═════ Available data
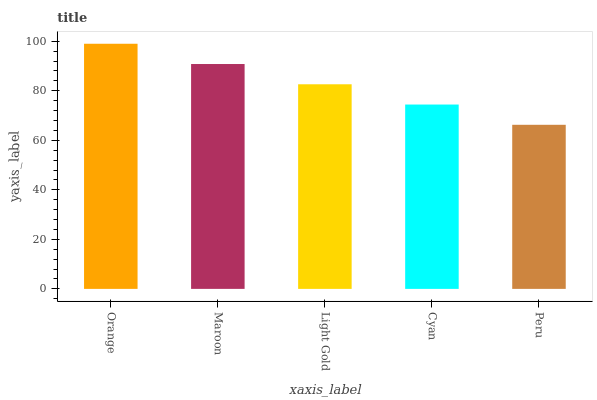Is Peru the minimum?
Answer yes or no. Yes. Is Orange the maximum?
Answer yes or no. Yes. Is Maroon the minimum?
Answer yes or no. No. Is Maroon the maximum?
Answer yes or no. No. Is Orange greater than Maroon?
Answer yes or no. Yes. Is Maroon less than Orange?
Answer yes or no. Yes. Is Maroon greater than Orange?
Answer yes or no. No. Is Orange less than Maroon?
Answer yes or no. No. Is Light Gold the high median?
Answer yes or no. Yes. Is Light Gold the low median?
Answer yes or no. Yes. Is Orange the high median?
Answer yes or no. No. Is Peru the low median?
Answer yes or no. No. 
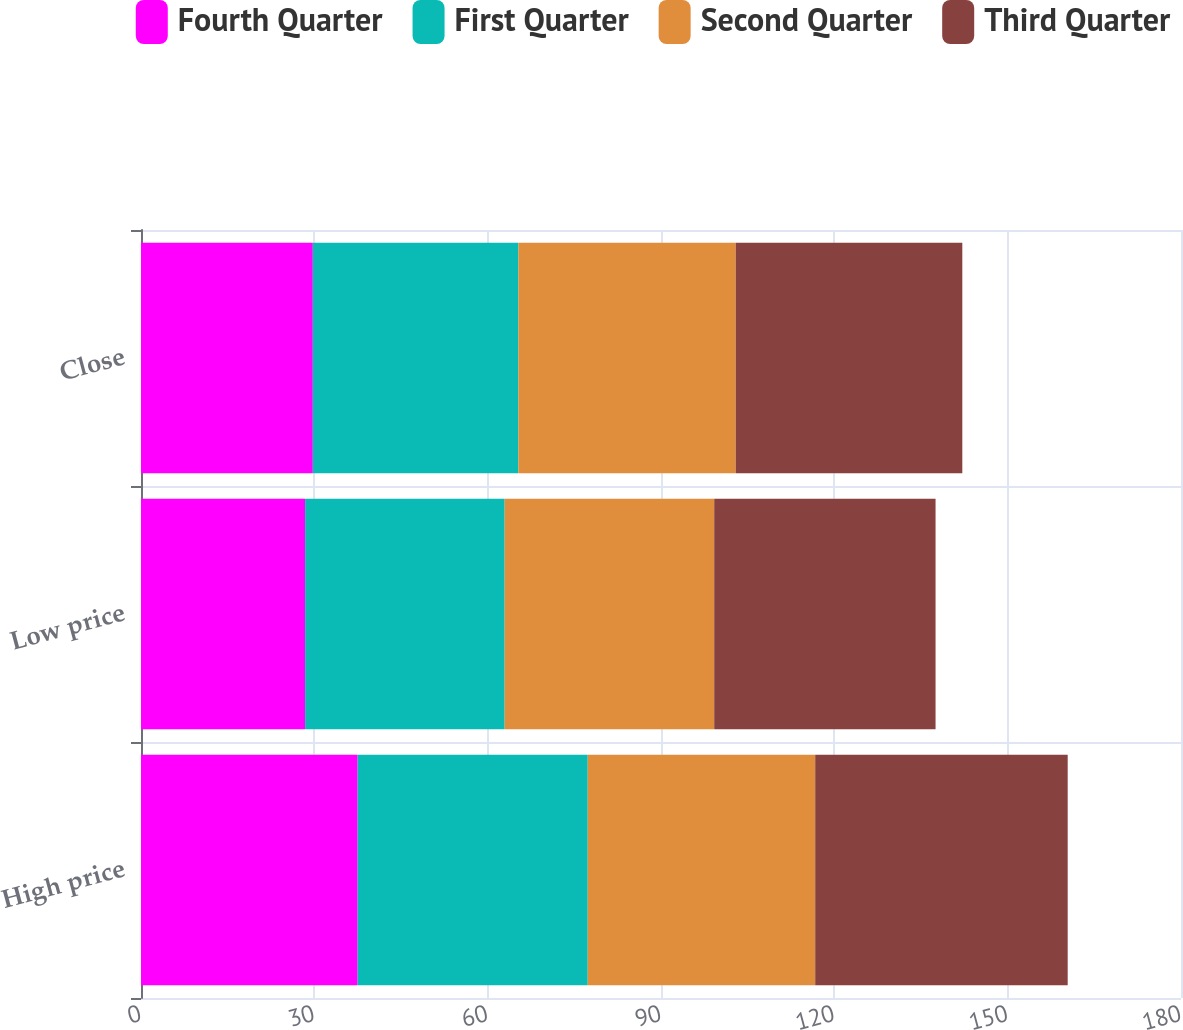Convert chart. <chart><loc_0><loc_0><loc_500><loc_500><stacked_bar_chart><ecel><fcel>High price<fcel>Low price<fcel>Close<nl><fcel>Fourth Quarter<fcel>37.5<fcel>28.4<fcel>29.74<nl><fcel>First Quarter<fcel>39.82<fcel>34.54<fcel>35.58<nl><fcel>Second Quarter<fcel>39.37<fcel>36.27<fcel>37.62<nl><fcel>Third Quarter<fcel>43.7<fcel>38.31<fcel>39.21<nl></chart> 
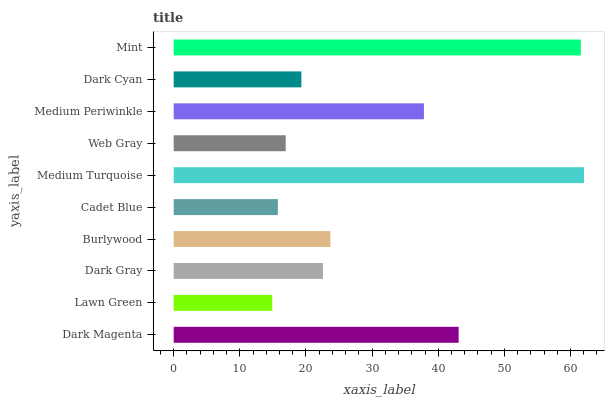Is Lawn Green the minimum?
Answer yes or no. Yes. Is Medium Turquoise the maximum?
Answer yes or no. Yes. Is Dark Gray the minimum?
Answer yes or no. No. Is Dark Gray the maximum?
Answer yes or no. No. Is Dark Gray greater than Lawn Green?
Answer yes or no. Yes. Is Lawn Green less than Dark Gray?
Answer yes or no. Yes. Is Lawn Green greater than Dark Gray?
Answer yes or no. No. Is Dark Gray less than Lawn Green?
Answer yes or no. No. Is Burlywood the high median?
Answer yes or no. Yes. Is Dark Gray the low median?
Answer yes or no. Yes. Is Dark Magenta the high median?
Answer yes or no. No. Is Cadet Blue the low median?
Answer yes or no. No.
══════════
═════ Available data
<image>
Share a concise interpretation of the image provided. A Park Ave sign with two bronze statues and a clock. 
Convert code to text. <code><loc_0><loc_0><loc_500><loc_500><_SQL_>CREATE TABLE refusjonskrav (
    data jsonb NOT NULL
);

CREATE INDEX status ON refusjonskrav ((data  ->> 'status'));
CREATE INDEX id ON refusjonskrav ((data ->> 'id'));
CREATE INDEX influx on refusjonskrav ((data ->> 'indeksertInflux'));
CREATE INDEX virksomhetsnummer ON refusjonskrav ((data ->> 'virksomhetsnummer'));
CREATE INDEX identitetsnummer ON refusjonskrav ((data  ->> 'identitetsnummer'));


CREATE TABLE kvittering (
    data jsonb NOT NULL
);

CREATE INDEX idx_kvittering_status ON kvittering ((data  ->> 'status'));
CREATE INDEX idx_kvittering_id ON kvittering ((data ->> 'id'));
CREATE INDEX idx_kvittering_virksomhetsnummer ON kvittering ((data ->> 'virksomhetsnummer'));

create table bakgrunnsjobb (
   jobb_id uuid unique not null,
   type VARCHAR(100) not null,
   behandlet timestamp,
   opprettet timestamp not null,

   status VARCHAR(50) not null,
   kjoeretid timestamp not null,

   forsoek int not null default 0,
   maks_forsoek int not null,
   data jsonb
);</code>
══════════
▶ _Problem details_:
Scan the data above for the word "Maroon", then copy every line that holds it.

▶ _Answer to this problem_:
Answer yes or no. Yes. Is Maroon the minimum?
Answer yes or no. No. Is Maroon the maximum?
Answer yes or no. No. Is Orange greater than Maroon?
Answer yes or no. Yes. Is Maroon less than Orange?
Answer yes or no. Yes. Is Maroon greater than Orange?
Answer yes or no. No. Is Orange less than Maroon?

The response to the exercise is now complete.